Items from a data source
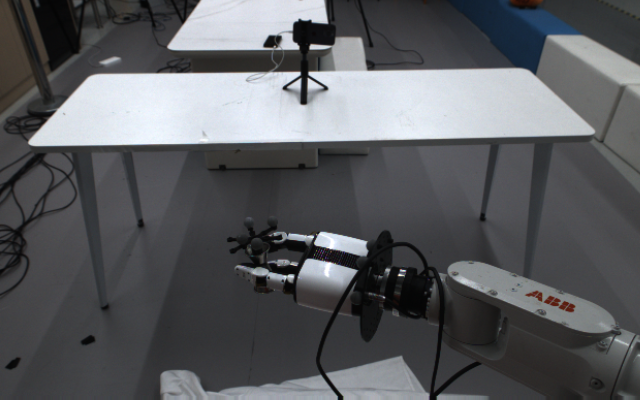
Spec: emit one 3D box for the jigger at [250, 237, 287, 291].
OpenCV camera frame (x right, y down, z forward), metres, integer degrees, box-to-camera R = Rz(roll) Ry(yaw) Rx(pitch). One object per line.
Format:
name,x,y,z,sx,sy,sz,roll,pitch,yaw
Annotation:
jigger,-0.086,0.102,0.745,0.043,0.071,0.043,-10,24,5
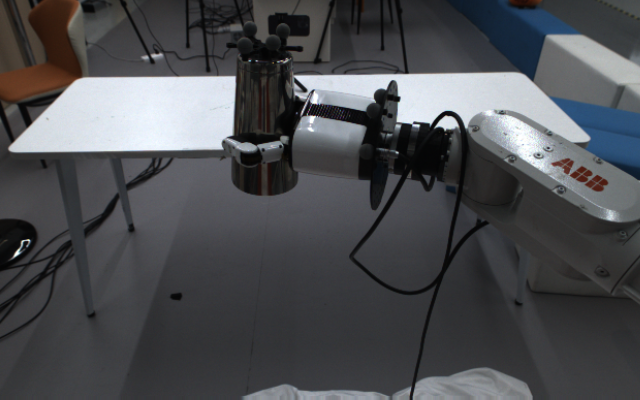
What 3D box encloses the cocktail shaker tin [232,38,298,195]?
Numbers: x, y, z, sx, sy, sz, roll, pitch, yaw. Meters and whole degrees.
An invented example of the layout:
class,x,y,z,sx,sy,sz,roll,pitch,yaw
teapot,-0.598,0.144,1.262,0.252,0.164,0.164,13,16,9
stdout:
class,x,y,z,sx,sy,sz,roll,pitch,yaw
cocktail shaker tin,-0.068,-0.102,0.617,0.093,0.170,0.093,3,34,-2

### Exercise description
What is needed is an exact copy of all the records, minus any pictures.

### Written response
Spec: emit one 3D box for the jigger at [250, 237, 287, 291].
OpenCV camera frame (x right, y down, z forward), metres, integer degrees, box-to-camera R = Rz(roll) Ry(yaw) Rx(pitch). One object per line.
Format:
name,x,y,z,sx,sy,sz,roll,pitch,yaw
Annotation:
jigger,-0.086,0.102,0.745,0.043,0.071,0.043,-10,24,5
What 3D box encloses the cocktail shaker tin [232,38,298,195]?
Numbers: x, y, z, sx, sy, sz, roll, pitch, yaw. Meters and whole degrees.
An invented example of the layout:
class,x,y,z,sx,sy,sz,roll,pitch,yaw
teapot,-0.598,0.144,1.262,0.252,0.164,0.164,13,16,9
stdout:
class,x,y,z,sx,sy,sz,roll,pitch,yaw
cocktail shaker tin,-0.068,-0.102,0.617,0.093,0.170,0.093,3,34,-2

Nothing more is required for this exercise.